隠したのではなく渡したと言えばどんな目に遇わされるだろう。名前はこの部屋に入ってから一度もウェスカーの目を直視できていなかった、鍵のない容易に開く扉、隣から聞こえる本来あるべきの医者と患者の会話、叫べば、暴れれば確実に来てくれるであろう助け。これ以上ない状況下で思考を行動に移せない原因は言うまでもなく殺意を帯びた男の慧眼だった、その視線は見えない手となり着々と名前を縊らせようとしていた。
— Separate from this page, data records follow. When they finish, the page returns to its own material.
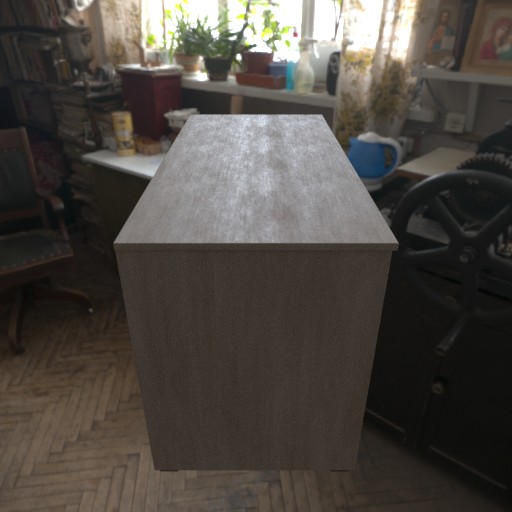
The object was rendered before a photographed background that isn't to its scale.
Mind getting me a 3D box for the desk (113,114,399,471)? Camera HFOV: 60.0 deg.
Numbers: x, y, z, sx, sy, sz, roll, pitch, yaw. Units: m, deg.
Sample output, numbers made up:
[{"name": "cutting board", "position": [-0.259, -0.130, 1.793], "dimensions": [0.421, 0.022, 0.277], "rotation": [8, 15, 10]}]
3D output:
[{"name": "desk", "position": [0.000, 0.000, 1.663], "dimensions": [0.600, 0.770, 1.251], "rotation": [0, 30, 0]}]
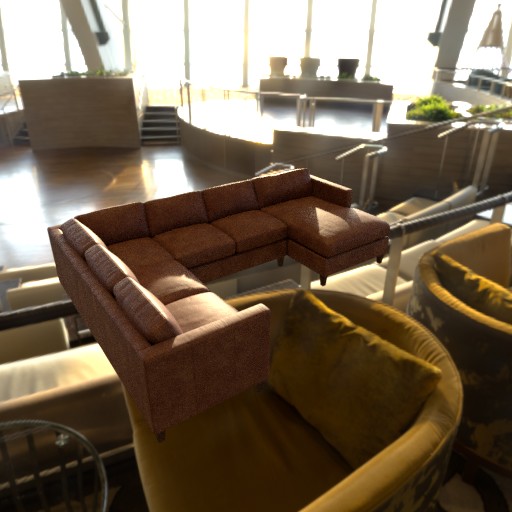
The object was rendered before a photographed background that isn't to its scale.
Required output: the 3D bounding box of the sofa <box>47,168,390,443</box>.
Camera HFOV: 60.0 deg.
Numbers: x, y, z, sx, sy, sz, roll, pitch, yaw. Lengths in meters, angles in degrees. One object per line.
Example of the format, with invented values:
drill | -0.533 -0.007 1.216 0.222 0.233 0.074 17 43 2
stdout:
sofa | 0.000 0.000 4.457 3.324 0.888 2.452 -18 32 -31

無論、名前は感じたことのない狂気に、自分が蝕まれていようとは思いもしなかったが。
やがてだらしなく半開きになっていた口から男の指はずるりと抜かれて、すとんと落ちた人差し指はパジャマの第一ボタンに掛けられた。

『やめて―――っ!?』

―――ガンッ!!

身の危険を感じるも頭を打ち付けられた名前は痛みに悶える。

「…死にかけたお前に新しい命を与えてやった」

引っ張られたボタンは糸も容易く服から弾け飛び、指は第二ボタンへ下がる。

「使い捨てにもなれなかった役立たずを拾ってやったのは誰だ?これほどの優遇はいかなるB.O.W.も受けたことはないというのに…」

三、四…はらりとはだけたブラジャーに括れた柔肌、抵抗するも彼女の両手は絡め取られて頭の上、

「…それなのにこの仕打ちはなんだ?」
止まらぬ指先は引っ掻くようにへそをなぞりまだ下へ、全てのボタンが外れた後もなお下がる。名前は大きく跳ね上がった。

『…ッッ、お願い、やめてっ……』

パジャマズボンの緩いゴムの、さらに一枚奥にある操にとっての最後の砦に指が掛かった、するりと侵入した指の背は滑り巨大な蛞蝓のように這って、薄い茂みをかき分け、ゆっくりと弧をなぞり進む。

「どこへ隠した…?」

『やめてっ…』

「吐けば止めてやる」

『―――――ひっ…!?』

背を向けていた指が表に返ろうとした。

『―――もうないっ!どこにもないっ…!!』

「………」

裏返るほどに名前は振り絞って叫んだ、どうしようもなく、後引く底無しの恐怖に名前は子供のように泣き出した。
一間置いてウェスカーはゆるりと指を抜き、髪を掴む手は頬を撫でる手に変わる。

「お前は俺の対応に不満があったらしいからな。至極の持て成しをしよう。処分は取り止めてウロボロスが完成次第ふるいに掛けてやる」

☆中途半端ですがおしまい☆


なんか長いだけでなー…
ってな感じになりまして、ボツになりました。
最後くらいはちょっとウェスカーさんデレてもいいんじゃない?思考に変わりあっちが完成しました。